The Glorious, Glam-Rock Heartbreak of a Man Who Knows His Wild-Eyed Infatuation is a Total Disaster.
If there is one name that epitomizes the dramatic, chaotic, and utterly brilliant excess of British Glam Rock, it is Roy Wood. The mastermind behind The Move and co-founder of the legendary Electric Light Orchestra (ELO), Wood burst forth in 1972 with his new creation, Wizzard, a band less concerned with string quartets and more interested in a theatrical, joyous racket. Their debut album, the magnificent beast known as Wizzard Brew, released in the UK in May 1973, was a polarizing work of genius. It was an audacious, sprawling double LP of rock-and-roll maximalism, featuring extended, free-form jazz freak-outs sitting right next to perfect pop pastiches.
It is on this eccentric album that we find “Gotta Crush (About You),” a track that serves as a three-minute flash of pure, unadulterated 1950s rock-and-roll nostalgia, shot through with Wizzard’s signature anarchic energy. As an album track, “Gotta Crush (About You)” was not released as a standalone single in the UK, meaning it holds no chart position of its own.
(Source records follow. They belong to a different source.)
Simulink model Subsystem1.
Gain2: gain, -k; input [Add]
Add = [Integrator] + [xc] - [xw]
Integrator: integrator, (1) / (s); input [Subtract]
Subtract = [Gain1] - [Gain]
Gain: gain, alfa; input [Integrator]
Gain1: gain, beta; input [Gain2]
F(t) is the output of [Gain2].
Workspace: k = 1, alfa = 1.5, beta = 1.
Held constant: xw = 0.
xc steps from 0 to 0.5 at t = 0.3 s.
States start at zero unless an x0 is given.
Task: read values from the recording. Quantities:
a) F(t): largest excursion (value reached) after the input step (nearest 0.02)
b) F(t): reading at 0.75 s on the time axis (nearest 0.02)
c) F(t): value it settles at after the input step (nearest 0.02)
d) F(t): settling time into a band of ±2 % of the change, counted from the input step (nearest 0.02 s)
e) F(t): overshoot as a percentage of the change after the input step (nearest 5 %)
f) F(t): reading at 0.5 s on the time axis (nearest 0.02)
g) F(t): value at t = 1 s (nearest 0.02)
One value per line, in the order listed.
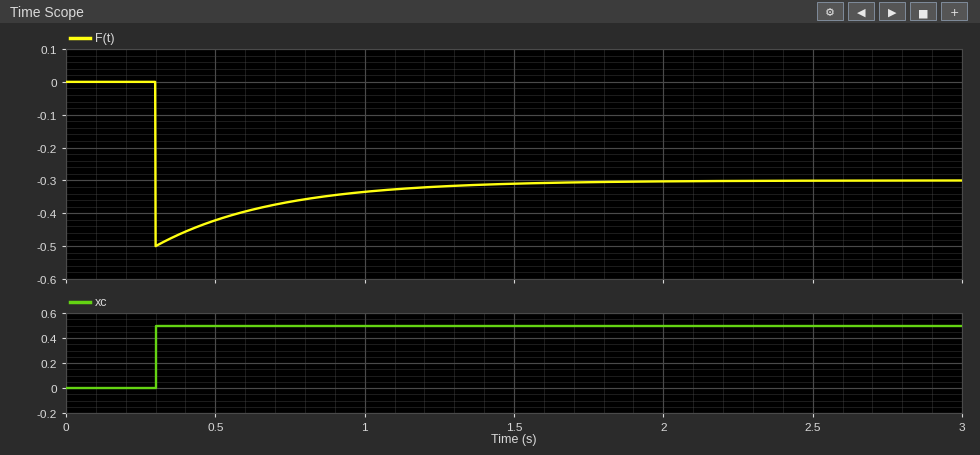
-0.50
-0.36
-0.30
1.40 s
65 %
-0.42
-0.34
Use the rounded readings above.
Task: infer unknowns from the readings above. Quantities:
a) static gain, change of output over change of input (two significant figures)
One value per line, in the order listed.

-0.60
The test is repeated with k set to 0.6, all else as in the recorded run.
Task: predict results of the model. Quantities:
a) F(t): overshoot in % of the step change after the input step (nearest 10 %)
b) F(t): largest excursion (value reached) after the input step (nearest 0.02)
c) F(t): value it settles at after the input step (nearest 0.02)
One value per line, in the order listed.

40 %
-0.30
-0.22
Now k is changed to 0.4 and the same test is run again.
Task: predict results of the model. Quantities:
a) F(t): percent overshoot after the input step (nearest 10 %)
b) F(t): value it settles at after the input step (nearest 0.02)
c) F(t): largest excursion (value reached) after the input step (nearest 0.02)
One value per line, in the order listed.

30 %
-0.16
-0.20

The album it belonged to, Wizzard Brew, was a modest success by Wizzard’s standards, peaking at No. 29 on the UK Albums Chart, overshadowed by the band’s massive, chart-topping singles of the era, such as “See My Baby Jive” and “Angel Fingers.”
Yet, this overlooked gem tells a richer, more human story than many of the grander, polished hits of the era. The song is a straightforward, gut-punch confession of desperate infatuation. It is a time-machine song, where Roy Wood—a lifelong fan of 1950s rock and doo-wop—fully adopts a swaggering, early rock idol persona, complete with a throaty, Elvis-esque vocal delivery. The narrator is utterly consumed by a young woman. She is beautiful, desirable, and, crucially, utterly unavailable or unsuitable. The drama lies in the raw honesty of the character’s struggle: he is trying to play it cool, to act like a slick rocker, but the overwhelming force of his feeling—his “crush”—renders him ridiculous and vulnerable. The lyrics are sparse, driving straight to the point of his obsession: “Got a crush, baby / Got a crush ’bout you / And I don’t know / What to do.”
The meaning of the track transcends its simple, vintage rock trappings. It’s a heartfelt ode to the glorious, ridiculous, and often painful experience of unrequited or impossible longing that every person of a certain age can recall with a nostalgic ache. The ‘crush’ isn’t just a fleeting teenage fancy; it’s the kind of intense, all-consuming desire that makes an otherwise rational adult feel like an awkward, stammering schoolboy again. It’s the realization that true passion, no matter how old you are, can strip away all pretense and leave you exposed.
For those of us who came of age with the shimmering absurdity of Glam Rock, this song is a potent memory jogger. It evokes the spirit of a time when music didn’t have to choose between genuine emotion and theatrical spectacle. It’s the sound of a perfectly constructed three-minute single, buried on an experimental rock behemoth, a glorious contradiction that perfectly captures the heart of Roy Wood’s genius. It’s the sound of a grown man—or at least a flamboyant rock star—admitting, in a blast of fuzzy, chaotic instrumentation and a powerful, almost desperate rock-and-roll beat, that when it comes to her, he’s utterly, hopelessly lost. It’s a beautifully honest glimpse beneath the makeup and glitter, proving that even the wildest Wizzard had a soft spot for the oldest heartbreak in the book.